[Dataset records]
__________

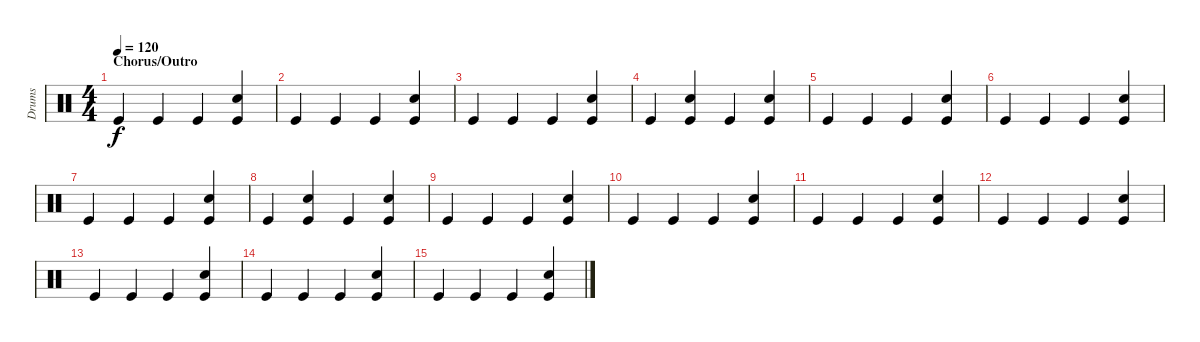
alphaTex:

\track ("Drums" "Drums") {instrument percussion}
\staff {score}
\articulation defaults
\ts (4 4)
\section ("" "Chorus/Outro")
\tempo 120
\clef neutral
\ks c "Kick (hit)".4{dy f} "Kick (hit)".4 "Kick (hit)".4
("Snare (hit) 2" "Kick (hit)").4 |
"Kick (hit)".4 "Kick (hit)".4 "Kick (hit)".4 ("Snare (hit) 2" "Kick (hit)").4 |
"Kick (hit)".4 "Kick (hit)".4 "Kick (hit)".4 ("Snare (hit) 2" "Kick (hit)").4 |
"Kick (hit)".4 ("Snare (hit) 2" "Kick (hit)").4 "Kick (hit)".4 ("Snare (hit) 2" "Kick (hit)").4 |
"Kick (hit)".4 "Kick (hit)".4 "Kick (hit)".4 ("Snare (hit) 2" "Kick (hit)").4 |
"Kick (hit)".4 "Kick (hit)".4 "Kick (hit)".4 ("Snare (hit) 2" "Kick (hit)").4 |
"Kick (hit)".4 "Kick (hit)".4 "Kick (hit)".4 ("Snare (hit) 2" "Kick (hit)").4 |
"Kick (hit)".4 ("Snare (hit) 2" "Kick (hit)").4 "Kick (hit)".4 ("Snare (hit) 2" "Kick (hit)").4 |
"Kick (hit)".4 "Kick (hit)".4 "Kick (hit)".4 ("Snare (hit) 2" "Kick (hit)").4 |
"Kick (hit)".4 "Kick (hit)".4 "Kick (hit)".4 ("Snare (hit) 2" "Kick (hit)").4 |
"Kick (hit)".4 "Kick (hit)".4 "Kick (hit)".4 ("Snare (hit) 2" "Kick (hit)").4 |
"Kick (hit)".4 "Kick (hit)".4 "Kick (hit)".4 ("Snare (hit) 2" "Kick (hit)").4 |
"Kick (hit)".4 "Kick (hit)".4 "Kick (hit)".4 ("Snare (hit) 2" "Kick (hit)").4 |
"Kick (hit)".4{volume 0} "Kick (hit)".4 "Kick (hit)".4 ("Snare (hit) 2" "Kick (hit)").4 |
"Kick (hit)".4 "Kick (hit)".4 "Kick (hit)".4 ("Snare (hit) 2" "Kick (hit)").4

__________

Please output all of the entries exactly as they appear, with no pictures.

▶ **Response to this exercise**
alphaTex:

\track ("Drums" "Drums") {instrument percussion}
\staff {score}
\articulation defaults
\ts (4 4)
\section ("" "Chorus/Outro")
\tempo 120
\clef neutral
\ks c "Kick (hit)".4{dy f} "Kick (hit)".4 "Kick (hit)".4
("Snare (hit) 2" "Kick (hit)").4 |
"Kick (hit)".4 "Kick (hit)".4 "Kick (hit)".4 ("Snare (hit) 2" "Kick (hit)").4 |
"Kick (hit)".4 "Kick (hit)".4 "Kick (hit)".4 ("Snare (hit) 2" "Kick (hit)").4 |
"Kick (hit)".4 ("Snare (hit) 2" "Kick (hit)").4 "Kick (hit)".4 ("Snare (hit) 2" "Kick (hit)").4 |
"Kick (hit)".4 "Kick (hit)".4 "Kick (hit)".4 ("Snare (hit) 2" "Kick (hit)").4 |
"Kick (hit)".4 "Kick (hit)".4 "Kick (hit)".4 ("Snare (hit) 2" "Kick (hit)").4 |
"Kick (hit)".4 "Kick (hit)".4 "Kick (hit)".4 ("Snare (hit) 2" "Kick (hit)").4 |
"Kick (hit)".4 ("Snare (hit) 2" "Kick (hit)").4 "Kick (hit)".4 ("Snare (hit) 2" "Kick (hit)").4 |
"Kick (hit)".4 "Kick (hit)".4 "Kick (hit)".4 ("Snare (hit) 2" "Kick (hit)").4 |
"Kick (hit)".4 "Kick (hit)".4 "Kick (hit)".4 ("Snare (hit) 2" "Kick (hit)").4 |
"Kick (hit)".4 "Kick (hit)".4 "Kick (hit)".4 ("Snare (hit) 2" "Kick (hit)").4 |
"Kick (hit)".4 "Kick (hit)".4 "Kick (hit)".4 ("Snare (hit) 2" "Kick (hit)").4 |
"Kick (hit)".4 "Kick (hit)".4 "Kick (hit)".4 ("Snare (hit) 2" "Kick (hit)").4 |
"Kick (hit)".4{volume 0} "Kick (hit)".4 "Kick (hit)".4 ("Snare (hit) 2" "Kick (hit)").4 |
"Kick (hit)".4 "Kick (hit)".4 "Kick (hit)".4 ("Snare (hit) 2" "Kick (hit)").4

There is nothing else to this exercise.